1.1.4 Notion de demande et offre
éducatives
La demande et l'offre éducatives sont très
importantes dans tous systèmes éducatifs et il appartient
à chaque Etat de veiller à un équilibre afin
d'éviter d'une part une propension de la sous scolarisation, et d'autres
part a un gaspillage des ressources disponibles.
Par définition, la demande d'éducation est
l'intention exprimée ou non par une frange de la population
d'entreprendre ou de poursuivre des études. Elle est
matérialisée par la population scolarisable et résulte
d'un ensemble de décisions déterminées par plusieurs
facteurs. En revanche, l'offre éducative est un ensemble de dispositions
mises en place pour permettre de satisfaire la demande exprimée. Elle
est principalement l'oeuvre de l'état et ses partenaires.
Après avoir clarifié quelques notions
liées au concept d'éducation, nous considérons dans notre
étude l'éducation de base celle retenue par UNESCO (2001) qui,
englobe aussi bien le primaire que le premier cycle du secondaire, donc celle
qui pourrait concerner les enfants de 6 à 15 ans.
Par ailleurs, l'éducation est souvent
considérée comme un atout indispensable pour amorcer le
délicat problème du développement durable des pays du sud
en particulier celui de l'Afrique subsaharienne.
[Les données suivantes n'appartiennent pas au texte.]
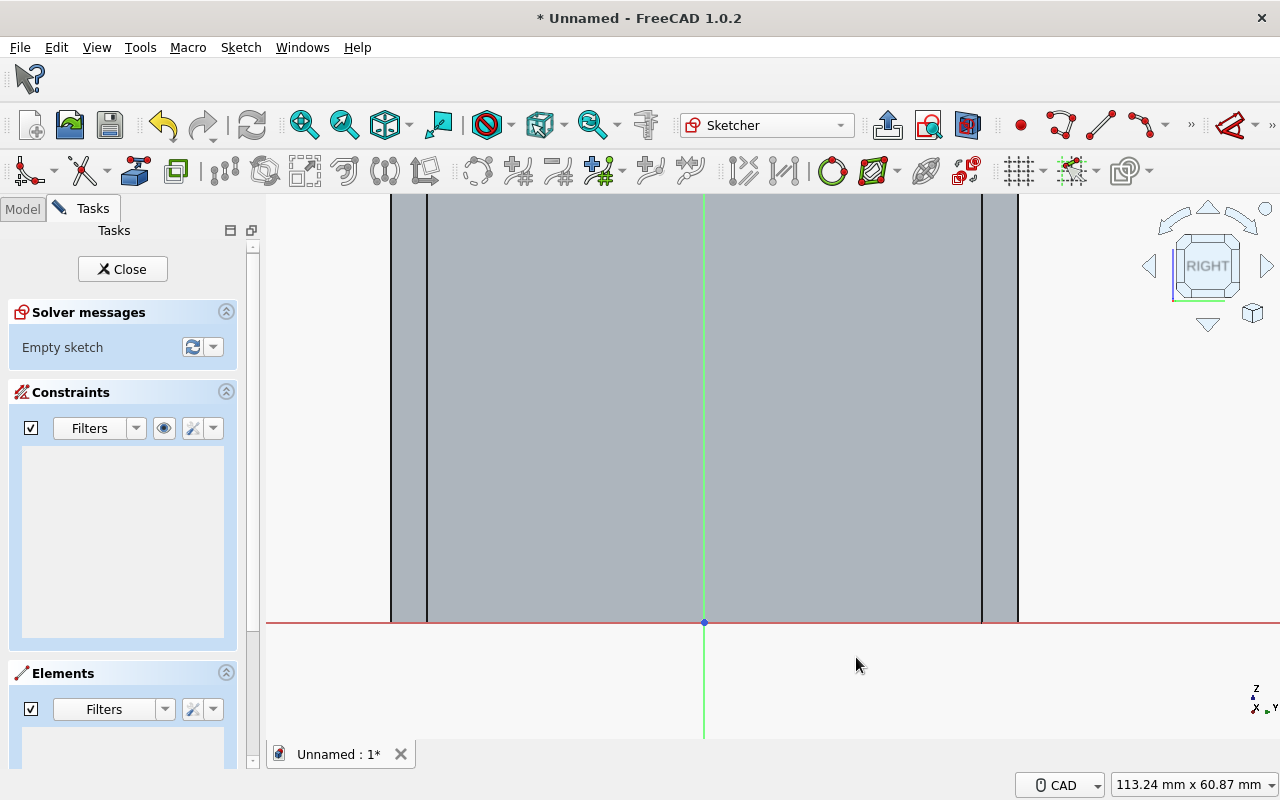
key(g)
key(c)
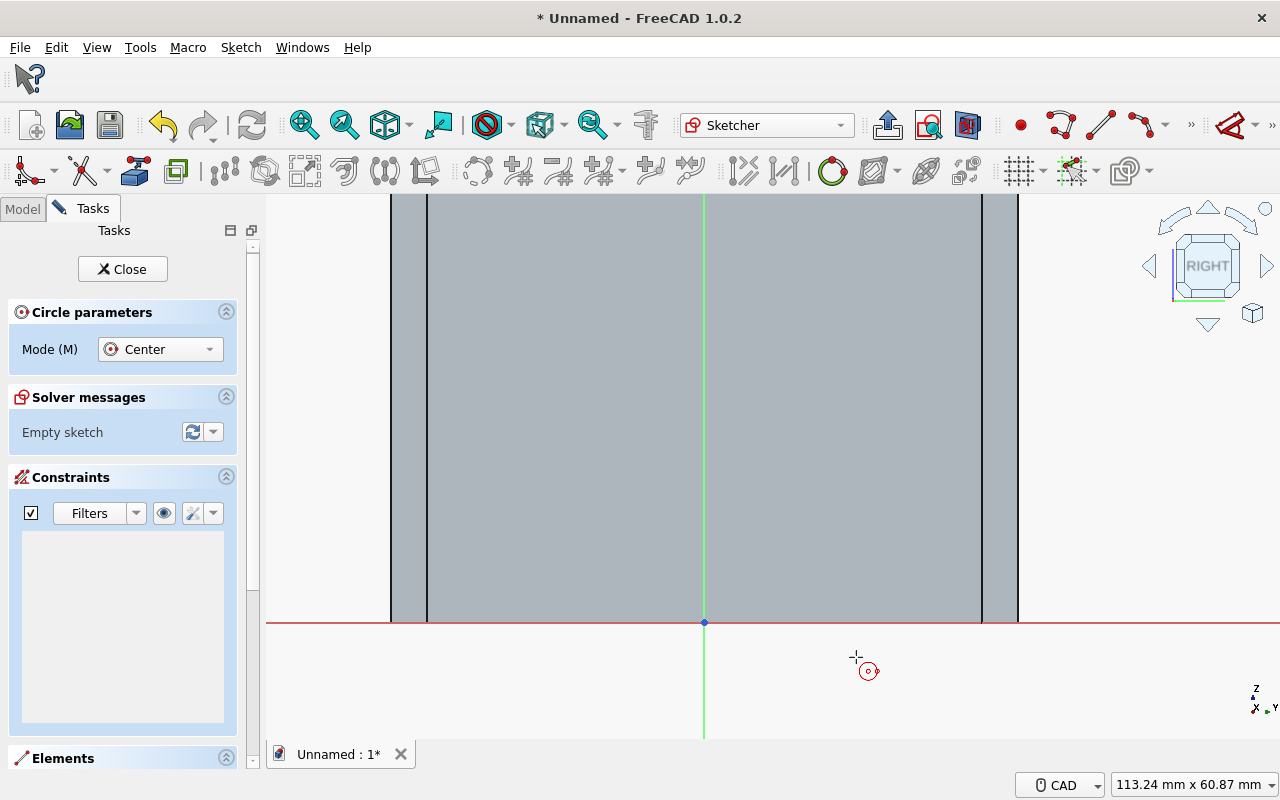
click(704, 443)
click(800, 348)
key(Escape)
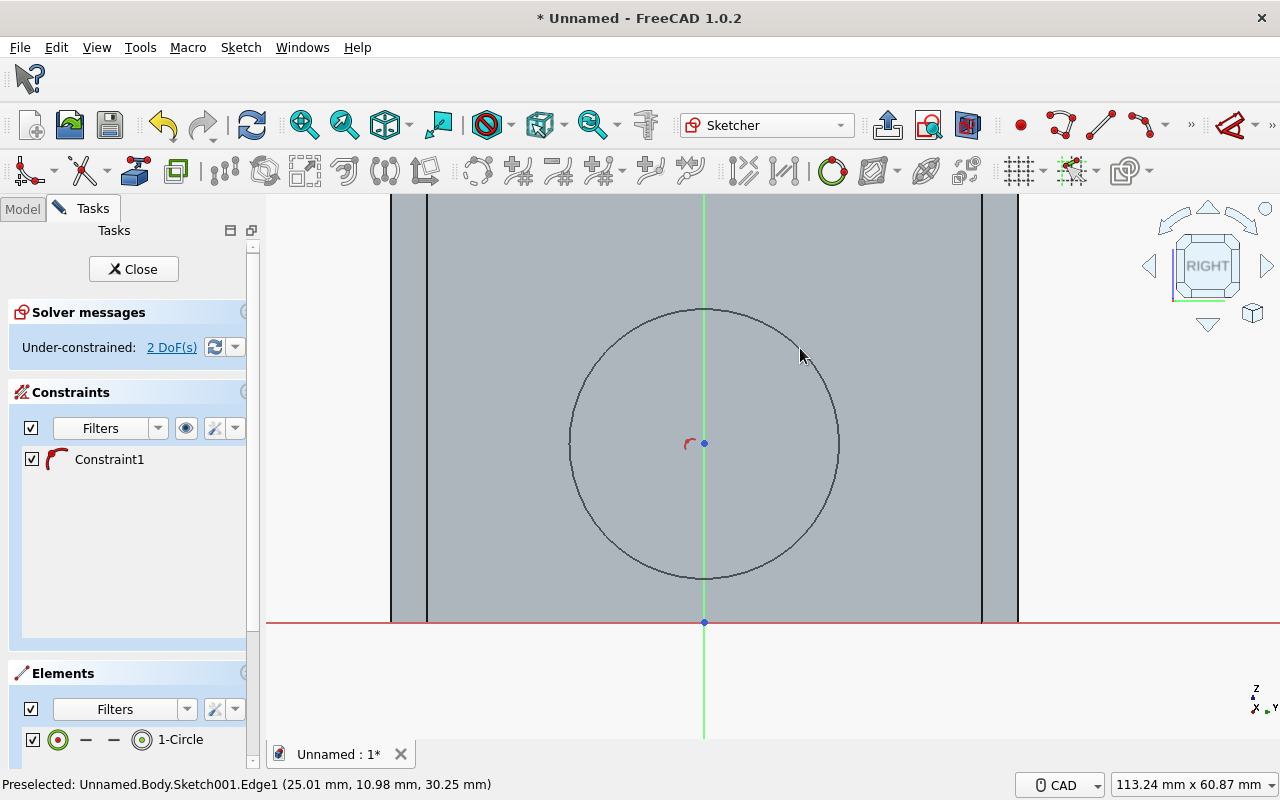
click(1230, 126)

Il est opportun qu'on puisse
porter une analyse assez brève sur ce concept qui depuis les lustres
fait l'objet de tant d'études tout en restant dans cadre de notre
étude.
1.1.5 Concept de
développement
Le concept de développement semble défier toute
définition, mais ce n'est pas faute de propositions (Cowen, 1996 ;
Nolwen, 2006). Deux visions dans la perception du développement sont
observées dans le monde. D'une part, certains l'assimilent à un
problème purement économique et d'autres accordent une place
importante aux facteurs non économiques9 notamment celui de
l'éducation. Ainsi, selon cette dernière vision, les
modèles alternatifs dits « anthropologiques et culturels du
développement » ont vu le jour dans les années 70. Ils
soutiennent que l'alphabétisation, associée à la hausse de
l'âge au mariage, constitue l'élément central de
l'accession d'une société à la modernité.
(graphique0).
9 Les facteurs non économiques englobent les
facteurs culturels, environnementaux et sociaux

Figure 1 : MODELE ANTHROPOLOGIQUE
Structure familiale

Alphabétisation + Hausse de l'âge au
mariage


Transformation Politique
|
|
Transformation Démographique
|
|
Transformation Économique
|
Source : TOOD Emmanuel, 1984. L'enfance du
monde, structure familiale et développement, Paris, Edition du seuil,
p.166. (Cité par Anoh, 2007).
Cette approche du développement qui met l'accent sur
l'alphabétisation et l'éducation de manière
générale comme moteurs centraux est, de nos jours, reconnu par la
communauté internationale en tant que condition préalable au
progrès social et démographique, à un développement
économique durable et à l'égalité des
sexes10. Si tel est le cas, comment l'éducation est telle
indispensable dans les pays en pleine reconstruction post-crise ?
1.2. L'éducation comme facteur de
développement dans un climat post crise
Le processus de reconstruction dans les États
perturbés requiert un contexte de sûreté et de
sécurité. La nature même de la cessation du conflit
armé ou de la paix obtenue est un élément crucial à
l'heure du choix de la politique stratégique pour le processus de
redressement. Une fois que les structures de sécurité sont en
place, la reconstruction politique, sociale et économique doit non
seulement aborder les besoins immédiats créés par l'impact
du conflit armé, mais aussi envisager la manière dont la
société a été (ou doit être)
transformée après le conflit par rapport au modèle
d'avant-guerre. Poursuivant le but d'étendre l'éducation de base
à tous les enfants, aux jeunes gens et aux adultes, qui a
été retenu par l'ONU comme un des objectifs du millénaire
pour le développement, l'élaboration de politiques
éducatives dans le contexte d'une paix et d'une stabilité
relative peut représenter un défi majeur pour les pays en sortie
de crise. L'objectif de cette partie est de montrer à l'aide des
études, l'impact de l'éducation sur les variables ou
phénomènes de population (cohésion sociale,
fécondité...) susceptible d'impulser un souffle nouveau au
développement des pays du sud particulièrement de ceux en pleine
reconstruction post conflit. Et l'analyse de quelques obstacles à
l'éducation dans les pays africains retiendra notre attention en second
volet de cette partie.
10 Nation unies (2003).population, éducation et
développement. Rapport concis, département des affaires
économiques et sociales, Division de la population, New York, 59p.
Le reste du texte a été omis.